I want to stress that this must be done at the time the account is opened.

According to the instructions, if the number was unavailable, an account could be opened without securing a number immediately only when the customer authorized the financial institution to secure a number for him from an appropriate Government agency. Authorization forms to be used by the institution were those normally used by individuals in seeking a social security or taxpayer identification number.

It has been interpreted that the above requirements as set forth in the instructions, prohibit the acceptance of an account after June 30 by a financial institution unless the saver furnished a social security number at the time the account is opened or signs an authorization to the Social Security Administration to furnish such a number to the financial institution.

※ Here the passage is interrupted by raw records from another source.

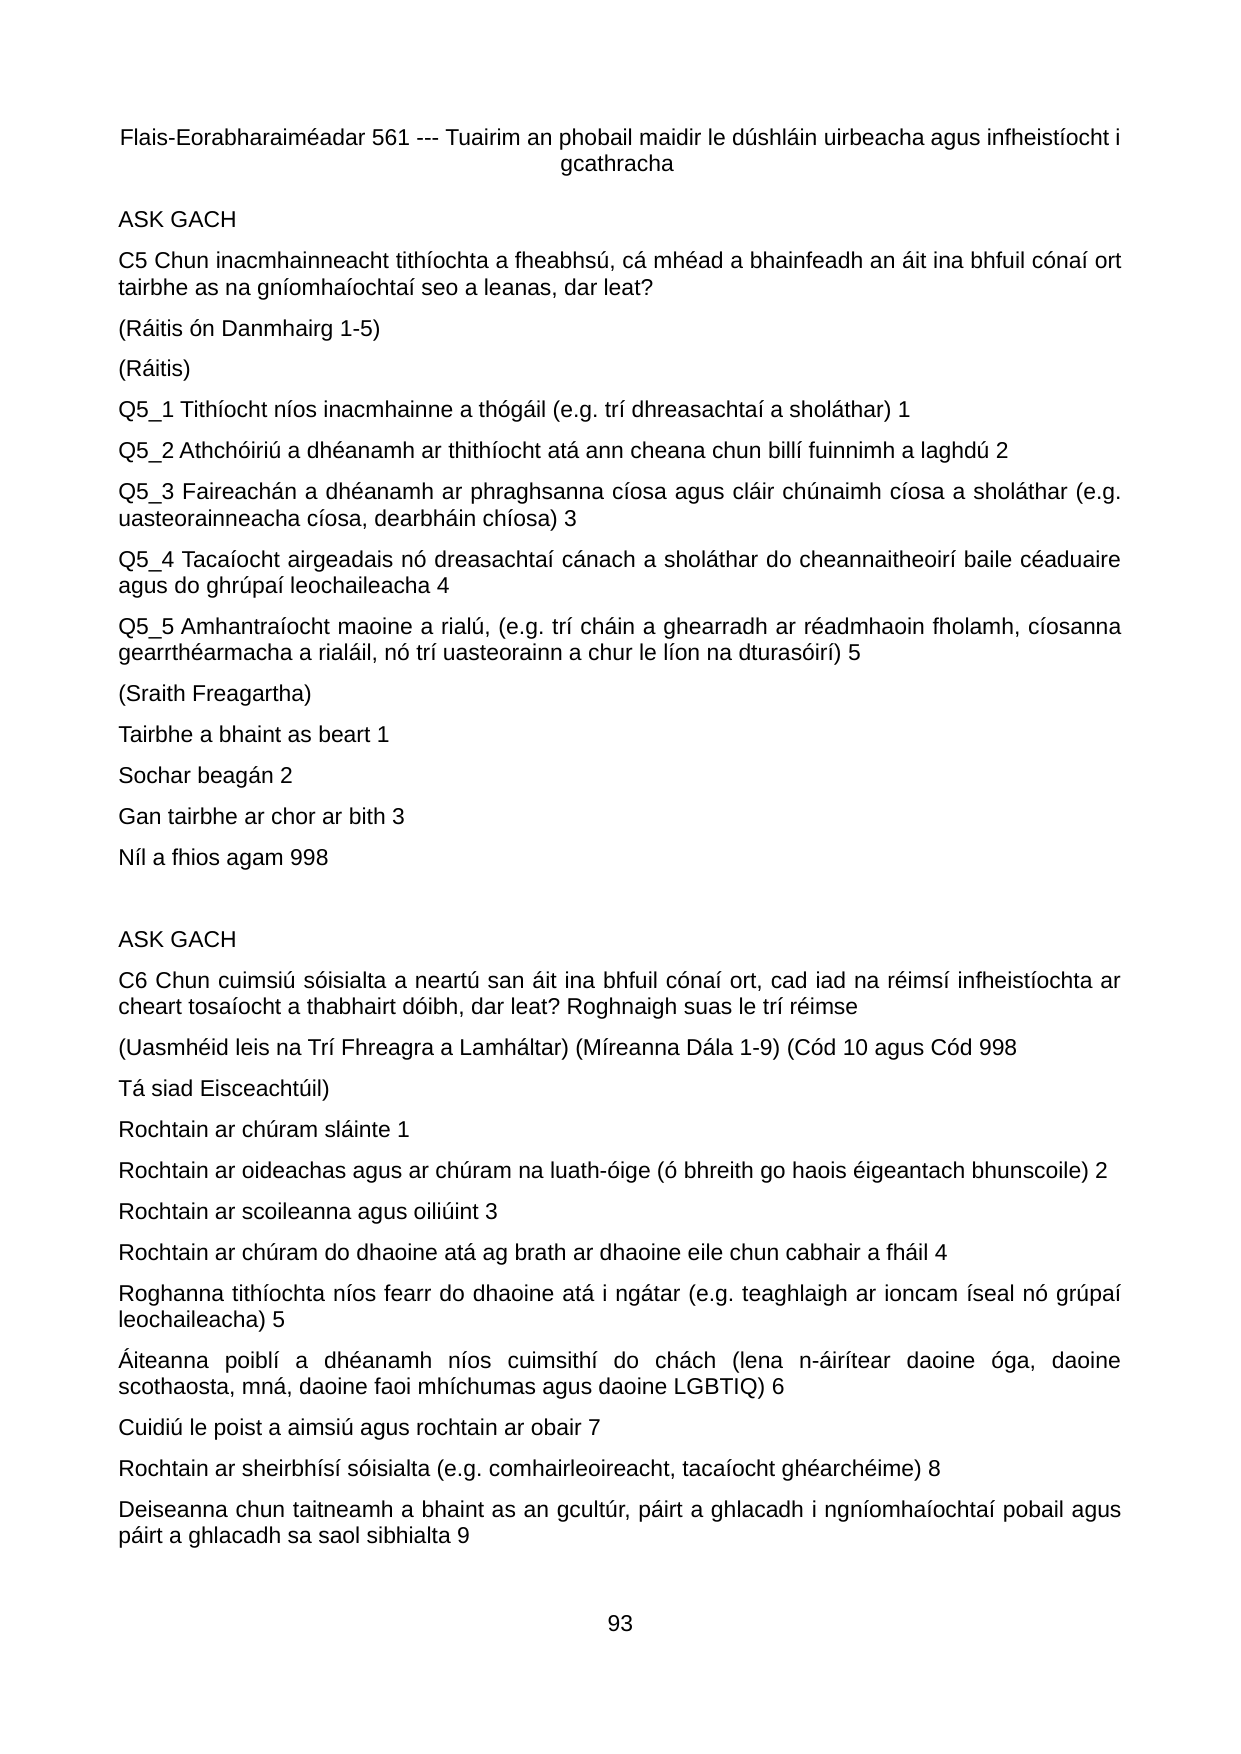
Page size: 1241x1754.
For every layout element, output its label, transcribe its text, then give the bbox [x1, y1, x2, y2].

text Q5_2 Athchóiriú a dhéanamh ar thithíocht atá ann cheana chun billí fuinnimh a laghdú 2 [118, 437, 1122, 464]
text Sochar beagán 2 [118, 762, 1122, 788]
text Tá siad Eisceachtúil) [118, 1075, 1122, 1101]
text Rochtain ar chúram sláinte 1 [118, 1116, 1122, 1142]
text Q5_5 Amhantraíocht maoine a rialú, (e.g. trí cháin a ghearradh ar réadmhaoin fholamh, cíosanna gearrthéarmacha a rialáil, nó trí uasteorainn a chur le líon na dturasóirí) 5 [118, 613, 1122, 666]
text ASK GACH [118, 926, 1122, 952]
text Q5_1 Tithíocht níos inacmhainne a thógáil (e.g. trí dhreasachtaí a sholáthar) 1 [118, 396, 1122, 423]
text Rochtain ar scoileanna agus oiliúint 3 [118, 1198, 1122, 1224]
text Gan tairbhe ar chor ar bith 3 [118, 803, 1122, 829]
text Rochtain ar oideachas agus ar chúram na luath-óige (ó bhreith go haois éigeantach bhunscoile) 2 [118, 1157, 1122, 1183]
text Cuidiú le poist a aimsiú agus rochtain ar obair 7 [118, 1414, 1122, 1441]
text Q5_4 Tacaíocht airgeadais nó dreasachtaí cánach a sholáthar do cheannaitheoirí baile céaduaire agus do ghrúpaí leochaileacha 4 [118, 546, 1122, 598]
text Roghanna tithíochta níos fearr do dhaoine atá i ngátar (e.g. teaghlaigh ar ioncam íseal nó grúpaí leochaileacha) 5 [118, 1279, 1122, 1332]
text Tairbhe a bhaint as beart 1 [118, 721, 1122, 747]
text Rochtain ar chúram do dhaoine atá ag brath ar dhaoine eile chun cabhair a fháil 4 [118, 1239, 1122, 1265]
text (Ráitis ón Danmhairg 1-5) [118, 314, 1122, 341]
text Níl a fhios agam 998 [118, 844, 1122, 870]
text (Uasmhéid leis na Trí Fhreagra a Lamháltar) (Míreanna Dála 1-9) (Cód 10 agus Cód 998 [118, 1034, 1122, 1060]
text C6 Chun cuimsiú sóisialta a neartú san áit ina bhfuil cónaí ort, cad iad na réimsí infheistíochta ar cheart tosaíocht a thabhairt dóibh, dar leat? Roghnaigh suas le trí réimse [118, 967, 1122, 1019]
text Rochtain ar sheirbhísí sóisialta (e.g. comhairleoireacht, tacaíocht ghéarchéime) 8 [118, 1455, 1122, 1481]
text (Ráitis) [118, 355, 1122, 382]
text Deiseanna chun taitneamh a bhaint as an gcultúr, páirt a ghlacadh i ngníomhaíochtaí pobail agus páirt a ghlacadh sa saol sibhialta 9 [118, 1496, 1122, 1549]
text C5 Chun inacmhainneacht tithíochta a fheabhsú, cá mhéad a bhainfeadh an áit ina bhfuil cónaí ort tairbhe as na gníomhaíochtaí seo a leanas, dar leat? [118, 247, 1122, 300]
text Áiteanna poiblí a dhéanamh níos cuimsithí do chách (lena n-áirítear daoine óga, daoine scothaosta, mná, daoine faoi mhíchumas agus daoine LGBTIQ) 6 [118, 1347, 1122, 1399]
text (Sraith Freagartha) [118, 680, 1122, 706]
text ASK GACH [118, 206, 1122, 233]
text Q5_3 Faireachán a dhéanamh ar phraghsanna cíosa agus cláir chúnaimh cíosa a sholáthar (e.g. uasteorainneacha cíosa, dearbháin chíosa) 3 [118, 478, 1122, 531]
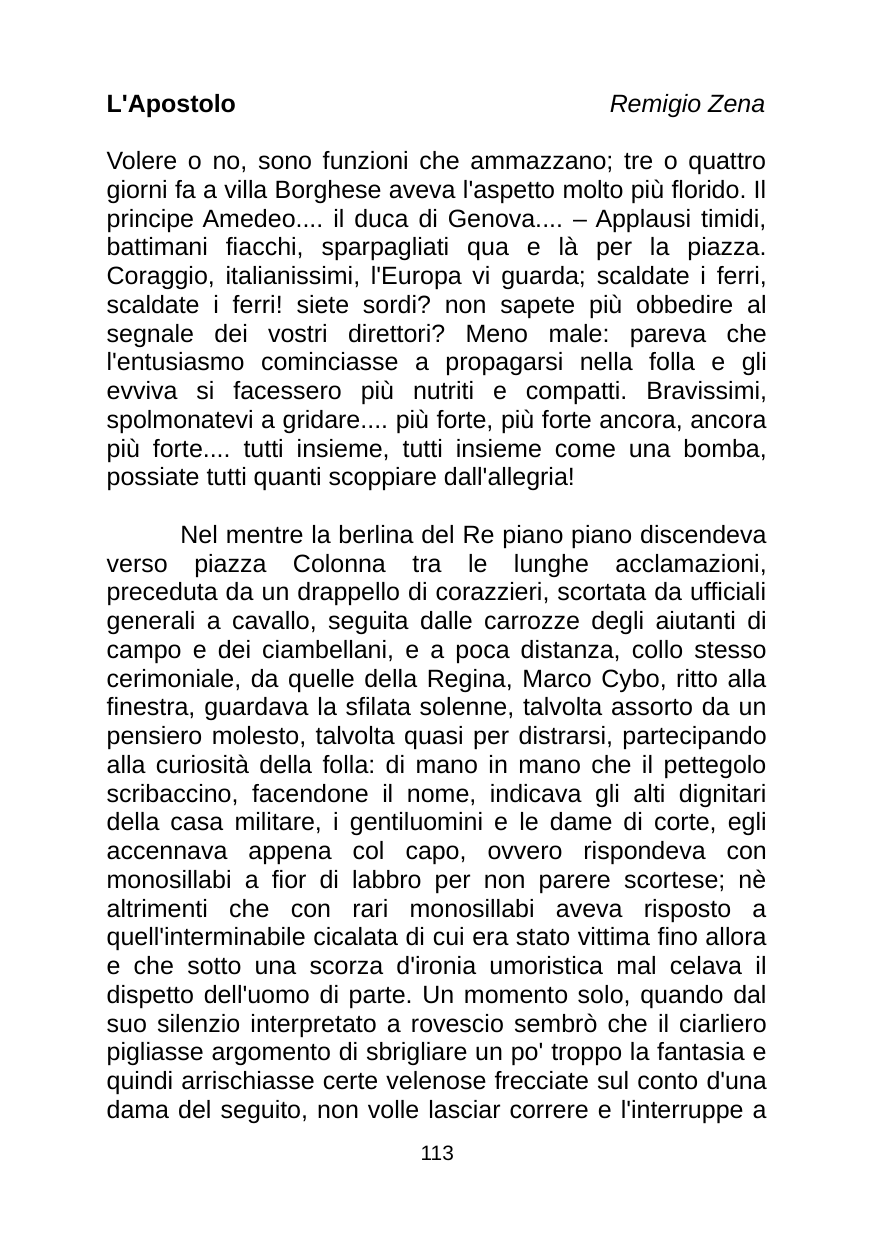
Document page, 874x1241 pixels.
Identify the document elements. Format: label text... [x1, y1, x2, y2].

text Nel mentre la berlina del Re piano piano discendeva verso piazza Colonna tra le lunghe acclamazioni, preceduta da un drappello di corazzieri, scortata da ufficiali generali a cavallo, seguita dalle carrozze degli aiutanti di campo e dei ciambellani, e a poca distanza, collo stesso cerimoniale, da quelle della Regina, Marco Cybo, ritto alla finestra, guardava la sfilata solenne, talvolta assorto da un pensiero molesto, talvolta quasi per distrarsi, partecipando alla curiosità della folla: di mano in mano che il pettegolo scribaccino, facendone il nome, indicava gli alti dignitari della casa militare, i gentiluomini e le dame di corte, egli accennava appena col capo, ovvero rispondeva con monosillabi a fior di labbro per non parere scortese; nè altrimenti che con rari monosillabi aveva risposto a quell'interminabile cicalata di cui era stato vittima fino allora e che sotto una scorza d'ironia umoristica mal celava il dispetto dell'uomo di parte. Un momento solo, quando dal suo silenzio interpretato a rovescio sembrò che il ciarliero pigliasse argomento di sbrigliare un po' troppo la fantasia e quindi arrischiasse certe velenose frecciate sul conto d'una dama del seguito, non volle lasciar correre e l'interruppe a [106, 520, 768, 1124]
text Volere o no, sono funzioni che ammazzano; tre o quattro giorni fa a villa Borghese aveva l'aspetto molto più florido. Il principe Amedeo.... il duca di Genova.... – Applausi timidi, battimani fiacchi, sparpagliati qua e là per la piazza. Coraggio, italianissimi, l'Europa vi guarda; scaldate i ferri, scaldate i ferri! siete sordi? non sapete più obbedire al segnale dei vostri direttori? Meno male: pareva che l'entusiasmo cominciasse a propagarsi nella folla e gli evviva si facessero più nutriti e compatti. Bravissimi, spolmonatevi a gridare.... più forte, più forte ancora, ancora più forte.... tutti insieme, tutti insieme come una bomba, possiate tutti quanti scoppiare dall'allegria! [106, 146, 768, 491]

These instructions have raised many problems for savings and loan associations. We believe that the approach provided for in the instructions is not authorized by Congress, and, if enforced, will discourage thrift and opening of savings accounts in many cases. Most savers will have no objections to giving a social security or taxpayer identification number, but in many cases may be unwilling or unable to do so immediately. Others may refuse as a matter of principle to disclose such numbers.

In addition, financial institutions, in following these instructions, will be put to extra costs which will be involved when a customer has to sign the authorization, and the association will have to follow through with securing the social security or taxpayer identification number for the new account.

Prior to June 30, and I feel this is very important for the understanding of what these regulations or interpretations are doing, all associations have made serious attempts over the previous few years to obtain social security or taxpayer identification numbers when accounts are opened.

In case of joint accounts, which represent 50 percent of all accounts established, there have been handicaps due to the fact that only one person opens the account, usually the wife. She has been hesitant to give his or her number.

To meet this problem in the past, associations gave her a signature card for the signature of her husband and requested that a social security number be furnished when the signature card was returned.

In the followup process, the association was enabled eventually to obtain the required number.

Under the new instructions, it appears that the association will not be able to open these joint accounts until the customer returns with the number, especially if she is hesitant to sign the social security or IRS authorization forms.